NODE1# esxcli network ip interface ipv4 get
Name  IPv4 Address   IPv4 Netmask     IPv4 Broadcast  Address Type  Gateway        DHCP DNS
----  -------------  ---------------  --------------  ------------  -------------  --------
vmk0  10.12.132.246  255.255.255.224  10.12.132.255   STATIC        10.12.132.225     false
vmk2  192.168.1.111  255.255.255.0    192.168.1.255   STATIC        0.0.0.0           false
vmk3  192.168.2.10   255.255.255.0    192.168.2.255   STATIC        0.0.0.0           false


Isolating 1 NIC shows 100 % packet loss:

NODE2# esxcli network nic list
Name    PCI Device    Driver   Admin Status  Link Status  Speed  Duplex  MAC Address         MTU  Description
------  ------------  -------  ------------  -----------  -----  ------  -----------------  ----  -----------------------------------------------------------------
vmnic0  0000:18:00.0  ntg3     Up            Up            1000  Full    20:04:0f:f0:7c:0c  1500  Broadcom Corporation NetXtreme BCM5720 Gigabit Ethernet
vmnic1  0000:18:00.1  ntg3     Up            Down             0  Half    20:04:0f:f0:7c:0d  1500  Broadcom Corporation NetXtreme BCM5720 Gigabit Ethernet
vmnic2  0000:19:00.0  ntg3     Up            Up            1000  Full    20:04:0f:f0:7c:0e  1500  Broadcom Corporation NetXtreme BCM5720 Gigabit Ethernet
vmnic3  0000:19:00.1  ntg3     Up            Down             0  Half    20:04:0f:f0:7c:0f  1500  Broadcom Corporation NetXtreme BCM5720 Gigabit Ethernet
vmnic4  0000:87:00.0  qedentv  Down          Down             0  Half    34:80:0d:0f:0a:2c  1500  QLogic Corp. QLogic FastLinQ QL41xxx 1/10/25 GbE Ethernet Adapter
vmnic5  0000:87:00.1  qedentv  Up            Up           10000  Full    34:80:0d:0f:0a:2d  1500  QLogic Corp.
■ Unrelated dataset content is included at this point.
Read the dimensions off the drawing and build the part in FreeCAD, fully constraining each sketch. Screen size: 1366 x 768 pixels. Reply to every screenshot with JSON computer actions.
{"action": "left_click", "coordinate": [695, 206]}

QLogic FastLinQ QL41xxx 1/10/25 GbE Ethernet Adapter
NODE2#vmkping -I vmk2 192.168.1.111 -c 100 -i 0.005
PING 192.168.1.111 (192.168.1.111): 56 data bytes

--- 192.168.1.111 ping statistics ---
100 packets transmitted, 0 packets received, 100% packet loss


Bringing up other NIC and making faulty down show packet is not lost by verifying it on esxtop command and selecting option "n"  to see association between NIC and vmkernel port.

NODE2# esxcli network nic up -n vmnic4

NODE2#esxcli network nic list
Name    PCI Device    Driver   Admin Status  Link Status  Speed  Duplex  MAC Address         MTU  Description
------  ------------  -------  ------------  -----------  -----  ------  -----------------  ----  -----------------------------------------------------------------
vmnic0  0000:18:00.0  ntg3     Up            Up            1000  Full    20:04:0f:f0:7c:0c  1500  Broadcom Corporation NetXtreme BCM5720 Gigabit Ethernet
vmnic1  0000:18:00.1  ntg3     Up            Down             0  Half    20:04:0f:f0:7c:0d  1500  Broadcom Corporation NetXtreme BCM5720 Gigabit Ethernet
vmnic2  0000:19:00.0  ntg3     Up            Up            1000  Full    20:04:0f:f0:7c:0e  1500  Broadcom Corporation NetXtreme BCM5720 Gigabit Ethernet
vmnic3  0000:19:00.1  ntg3     Up            Down             0  Half    20:04:0f:f0:7c:0f  1500  Broadcom Corporation NetXtreme BCM5720 Gigabit Ethernet
vmnic4  0000:87:00.0  qedentv  Up            Up           10000  Full    34:80:0d:0f:0a:2c  1500  QLogic Corp. QLogic FastLinQ QL41xxx 1/10/25 GbE Ethernet Adapter
vmnic5  0000:87:00.1  qedentv  Up            Up           10000  Full    34:80:0d:0f:0a:2d  1500  QLogic Corp. QLogic FastLinQ QL41xxx 1/10/25 GbE Ethernet Adapter

NODE2#esxcli network nic down -n vmnic5


NODE02# vmkping -I vmk2 192.168.1.111 -c 100 -i 0.005
PING 192.168.1.111 (192.168.1.111): 56 data bytes
64 bytes from 192.168.1.111: icmp_seq=0 ttl=64 time=0.148 ms
64 bytes from 192.168.1.111: icmp_seq=1 ttl=64 time=0.069 ms
64 bytes from 192.168.1.111: icmp_seq=2 ttl=64 time=0.066 ms
64 bytes from 192.168.1.111: icmp_seq=3 ttl=64 time=0.072 ms
64 bytes from 192.168.1.111: icmp_seq=4 ttl=64 time=0.068 ms
64 bytes from 192.168.1.111: icmp_seq=5 ttl=64 time=0.061 ms


NIC was using latest driver.


NODE2#vmkload_mod -s qedentv
vmkload_mod module information
 input file: /usr/lib/vmware/vmkmod/qedentv
 Version: 3.9.31.2-1OEM.670.0.0.8169922
 Build Type: release
 License: QLogic_Proprietary
 Required name-spaces:
  com.vmware.vmkapi#v2_5_0_0
 Parameters:


Workaround:
  • Isolated the faulty NIC in the standard switch with the working NIC. Select "load balancing" setting to "Route based on originating port ID"
  • Moving the faulty NIC to standby.